Escalating doses of paclitaxel and epirubicin in combination with cisplatin in advanced ovarian epithelial carcinoma: a phase I-II study.

Our objective was to identify a new active three-drug combination regimen consisting of paclitaxel (PTX), epirubicin (EPI) and cisplatin as first-line line chemotherapy for advanced ovarian carcinoma. A phase I study was carried out to evaluate the dose-limiting toxicity (DLT) and the maximally tolerated dose (MTD) of PXT and EPI in combination with a fixed dose of cisplatin every 4 weeks. Side-effects were recorded according to the NCI Common Toxicity Criteria. Patients were treated in cohorts of three with fixed-dose cisplatin 80 mg/m2 and EPI 80-->100 mg/m2 and PXT 100-->160 mg/m2 until DLT was reached. Once MTD was identified, a single-step phase II study was therefore carried out to test the clinical activity and panel of toxicity of such regimen.
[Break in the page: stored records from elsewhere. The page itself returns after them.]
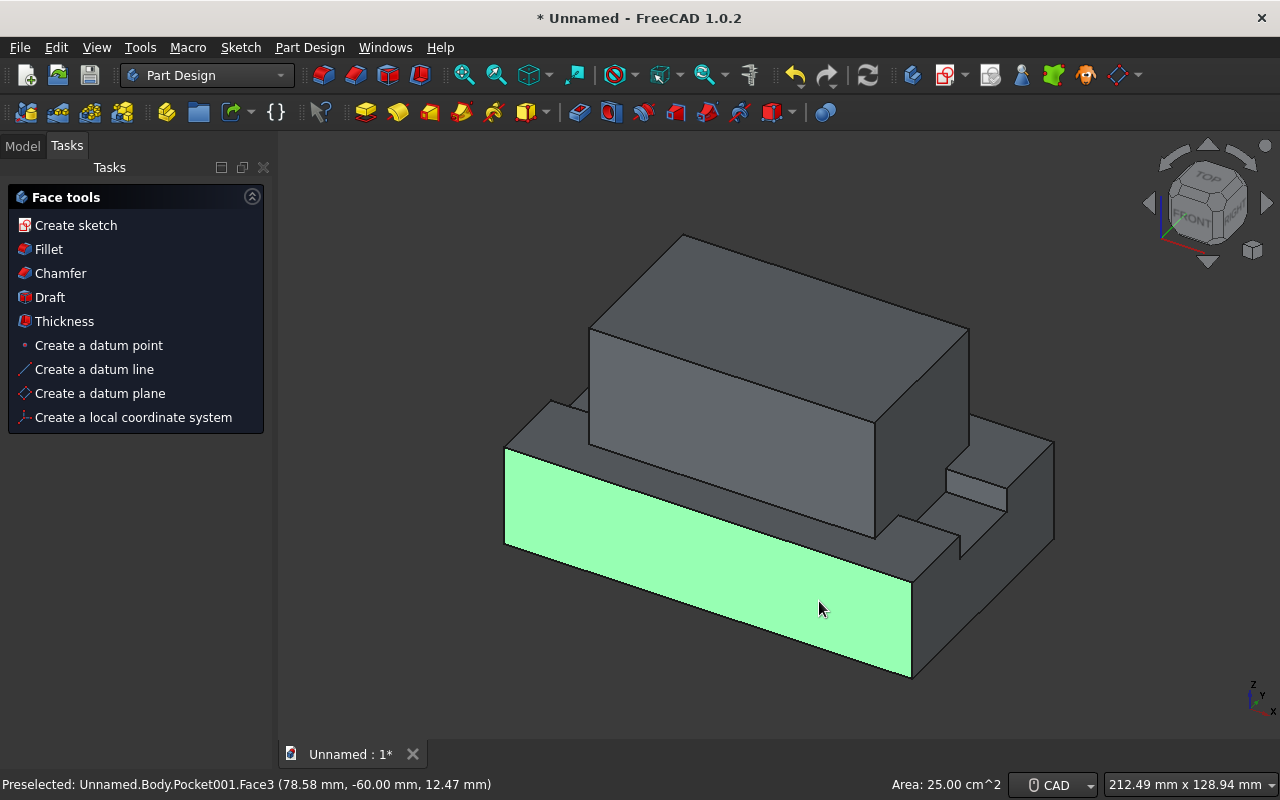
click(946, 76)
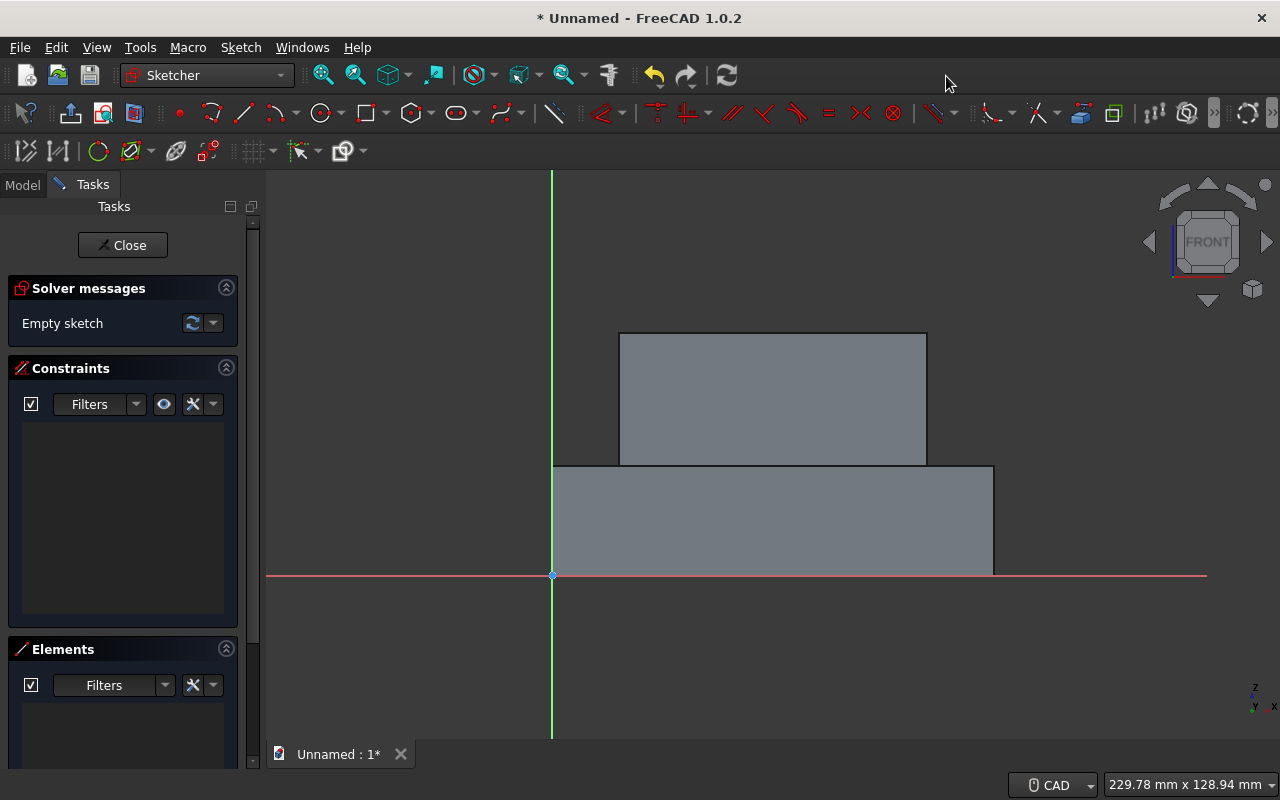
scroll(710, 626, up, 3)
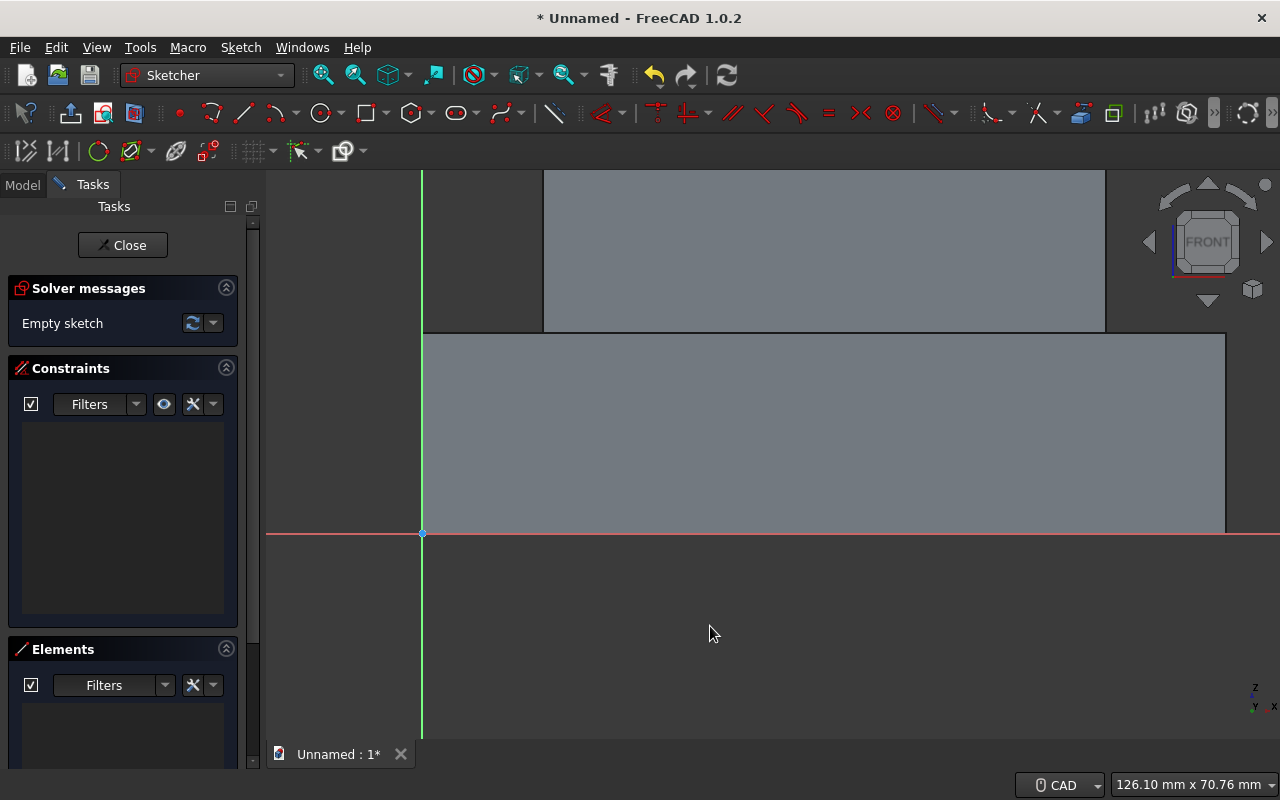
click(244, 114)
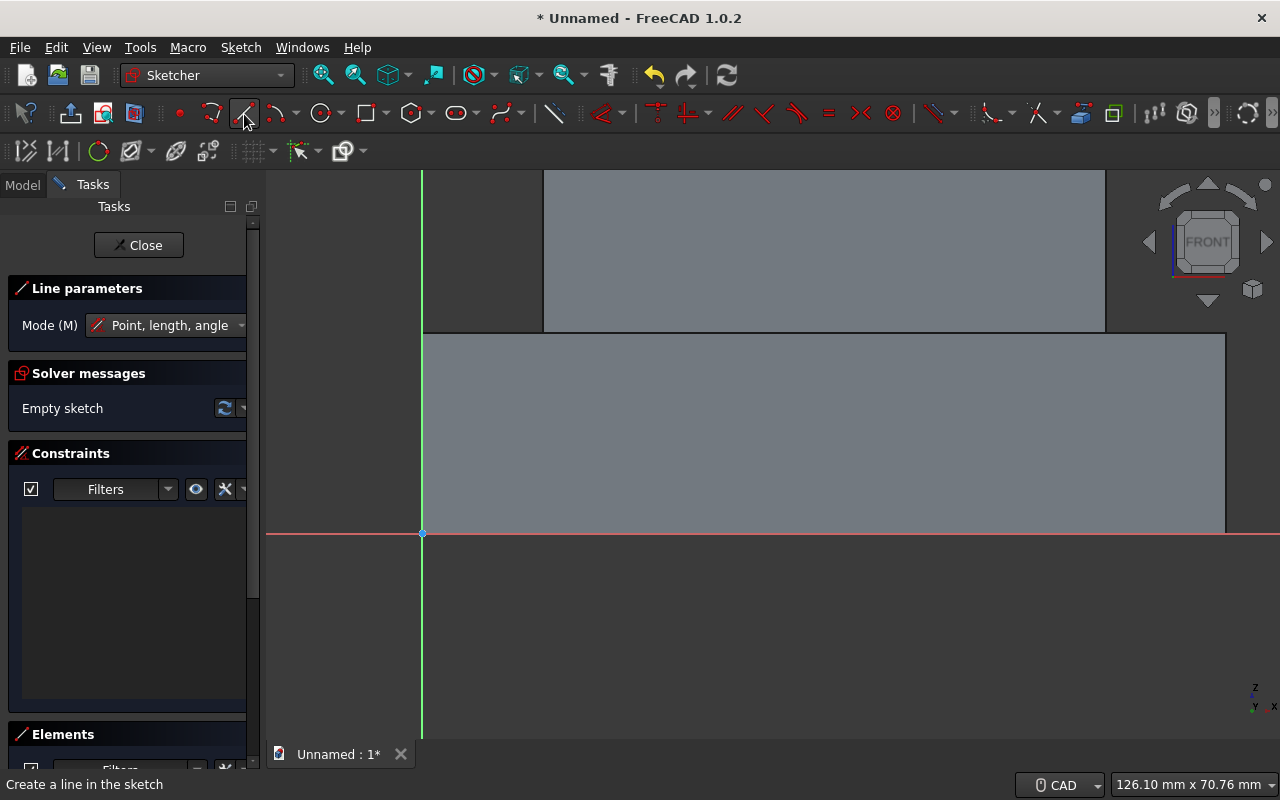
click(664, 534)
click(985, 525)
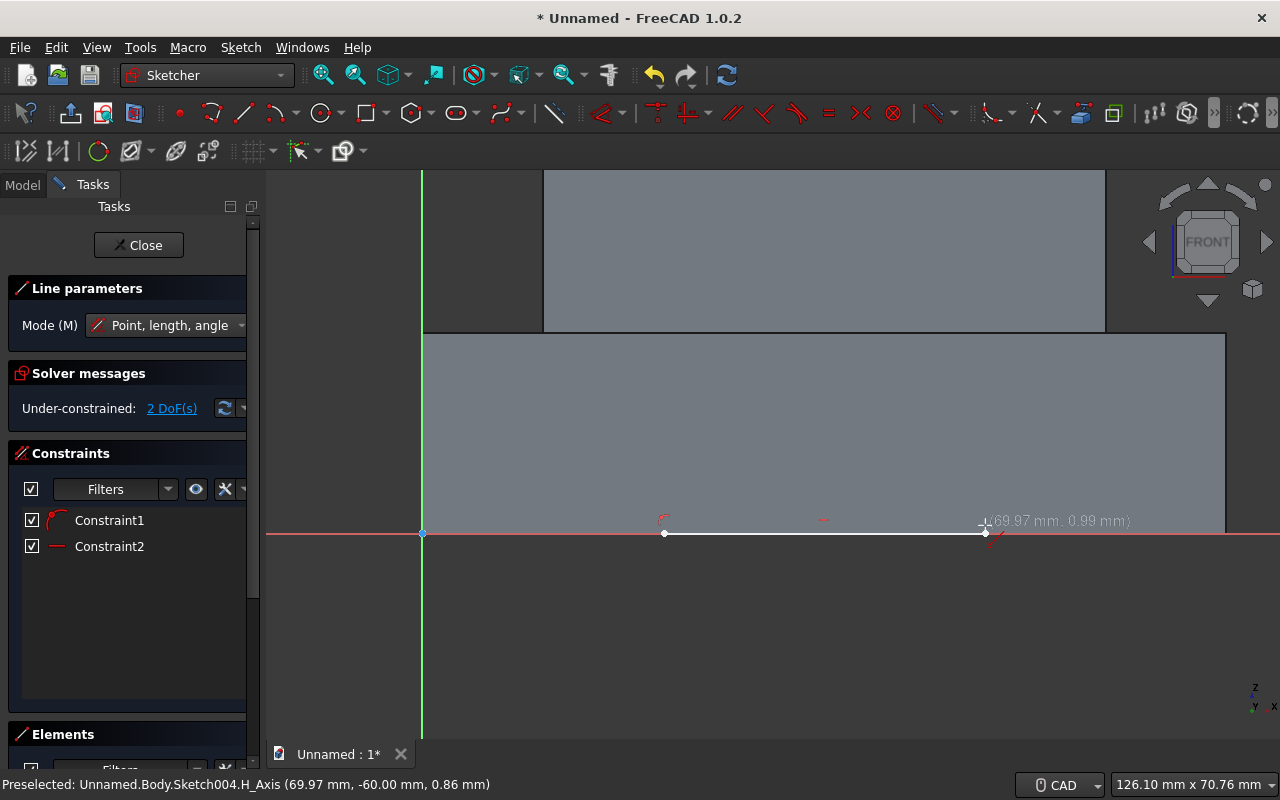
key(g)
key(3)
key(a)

Objective responses were recorded according to the WHO criteria. Time to progression and overall survival (OS) were secondary endpoints. The DLT was myelosuppression and, in more detail, febrile neutropenia, which occurred at the fifth dose level (PTX 140 mg/m2, EPI 100 mg/m2 and cisplatin 80 mg/m2) in two out of three patients. Other side-effects were grade 3 mucositis in two out of three patients and grade 3 anemia in one case. The combination of cisplatin 80 mg/m2 plus EPI 80 mg/m2 and PCT 140 mg/m2 every 4 weeks was considered as the MTD. In the phase II study a complete response was observed in six patients (33%) and a partial response in nine cases (50%) for an overall response rate of 83% [95% confidence limits (CL) 59-96%]. Median time to progression of patients with measurable disease was 16.4 months. Median OS was not reached after a follow-up of 42 months. This study demonstrated that PTX and EPI can be safely administered in combination with cisplatin to fit patients with advanced epithelial ovarian carcinoma. The three-drug regimen of cisplatin 80 mg/m2, EPI 80 mg/m2 and PTX 140 mg/m2 every 4 weeks is very active, at least in terms of objective response rate. This level of activity overlaps with the 95% CL of the activity of cisplatin alone; however, it does encourage future trials of the combination.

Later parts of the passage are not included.